We are looking for master thesis students who are enthusiastic in applying deep learning techniques to address one of the most challenging questions in the virtual reality industry: how to realize natural interactions between humans and computers in virtual environments.

Natural interaction requires human-like perception and action, which poses complex yet exciting machine learning challenges that range from thorough understanding of 3D environments and objects, to understanding of avatar's kinematic structures from the 3D mesh, to solving inverse kinematics problems for arms and fingers, to generating human-like motion and animation, to analyzing human interactive behaviors in VR in the next-generation VR-powered training games.

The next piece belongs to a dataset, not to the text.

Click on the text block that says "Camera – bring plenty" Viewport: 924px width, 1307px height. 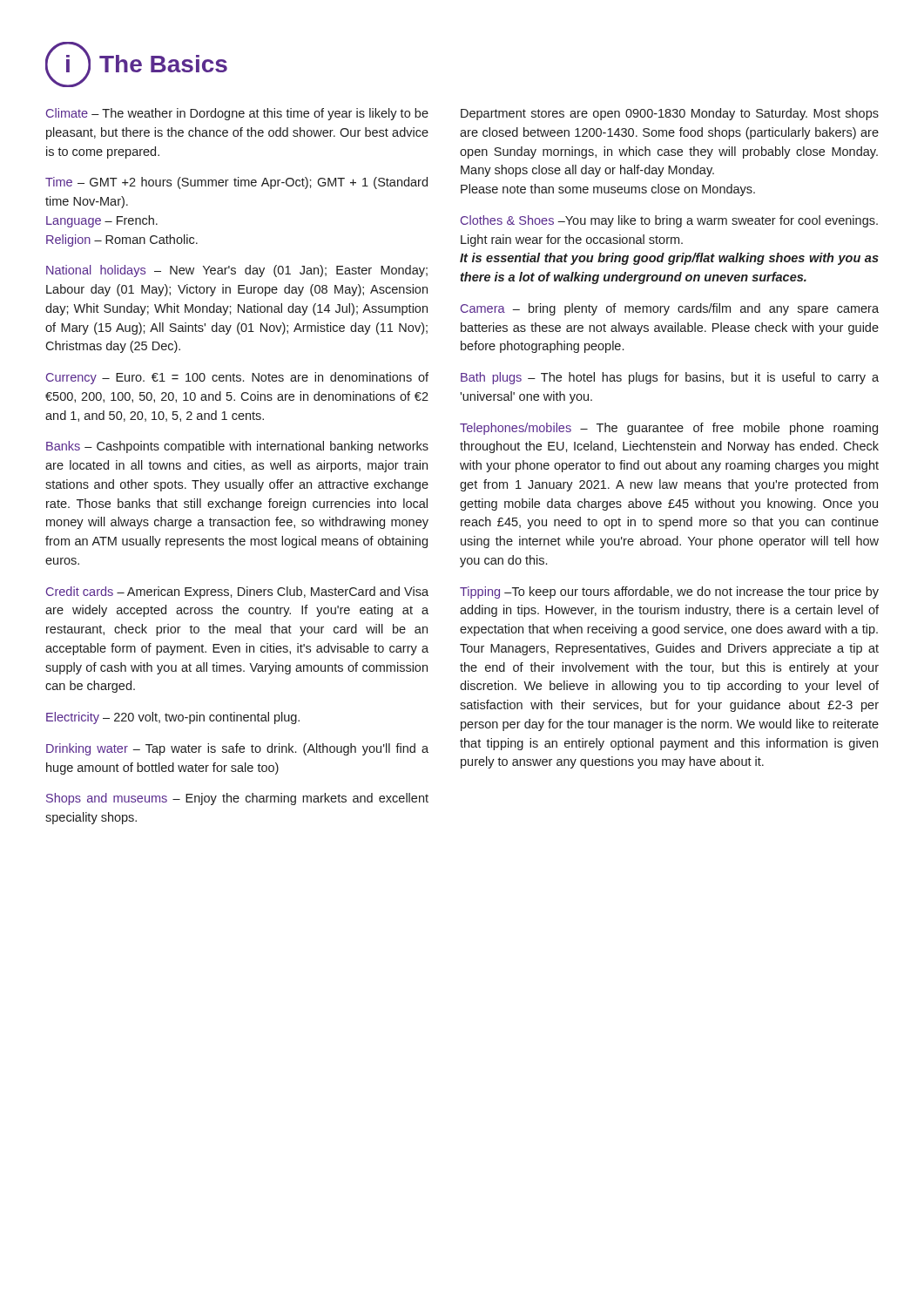669,328
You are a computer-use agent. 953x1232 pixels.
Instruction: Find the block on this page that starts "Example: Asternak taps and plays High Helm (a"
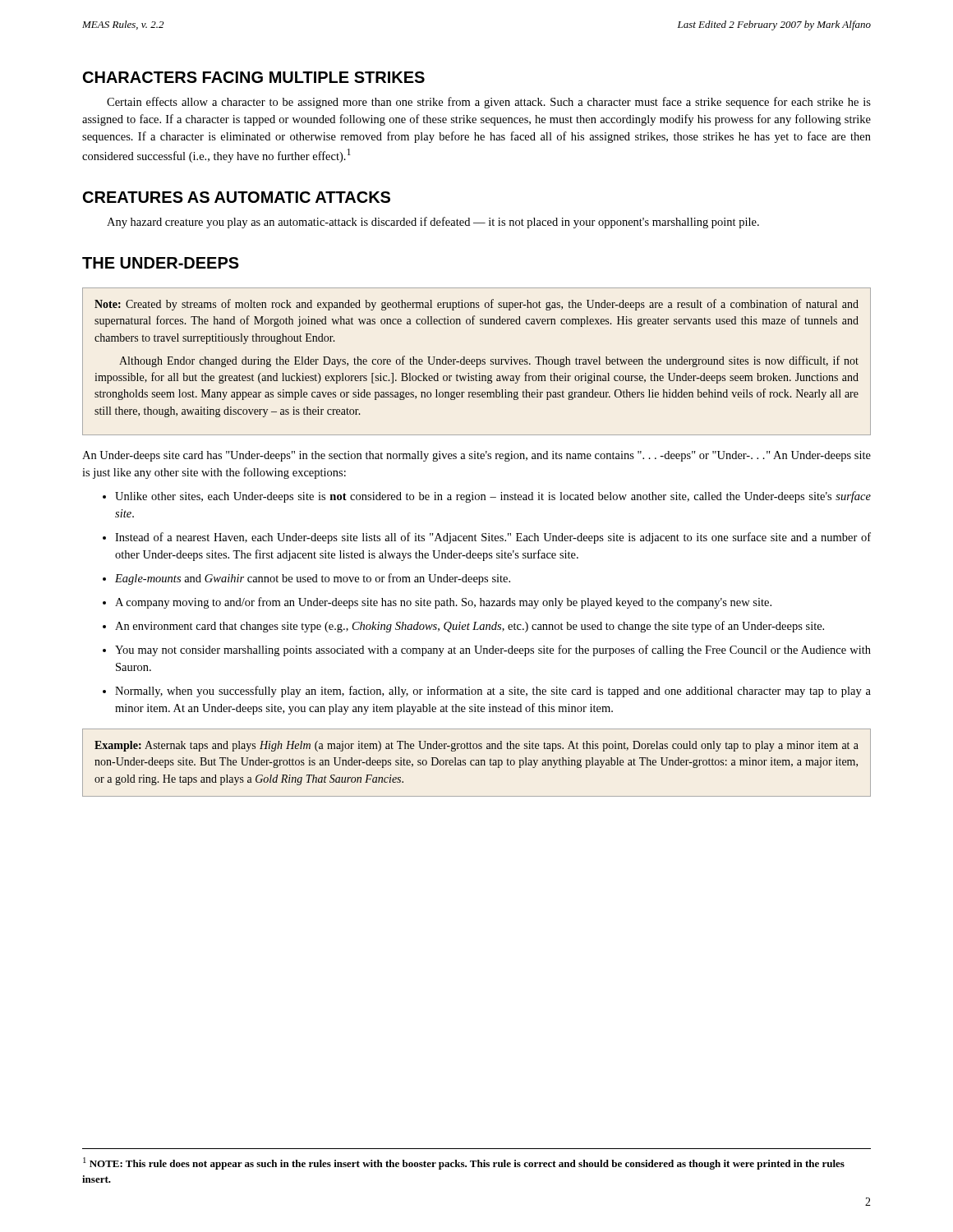[476, 762]

Recently machine learning techniques that exploit the deep structure of neural networks have achieved significant progress towards many practical industrial problems. In the context of 3D geometric data, deep neural network (DNN) is an active research area with a wide range of potential applications [1], including 3D shape reconstruction [2], recognition and pose estimation [3, 4], segmentation [5-7], deformation [8], etc. The goal of this thesis is to exploit DNN to analyze organic 3D structure, i.e. humanoid avatar mesh data, and develop an automatic avatar rigging system leveraging DNN. More specifically, given an avatar mesh data, we want to automatically detect and segment hand structure, specify hand and finger joints, and estimate the basic finger geometric parameters for the purpose of animation generation and grasp synthesis.


  • Summarize state-of-the-art of deep learning study aimed at modeling and representing 3D object shape and segmentation of the shape.
  • Collect training database for avatar and hand representations.
  • Implement modeling and training of DNNs, preferrably using Caffe2 deep learning framework, in C++.
  • Test, optimize and evaluate the implemented process using the database.
  • Summarize and discuss the findings in a report / thesis.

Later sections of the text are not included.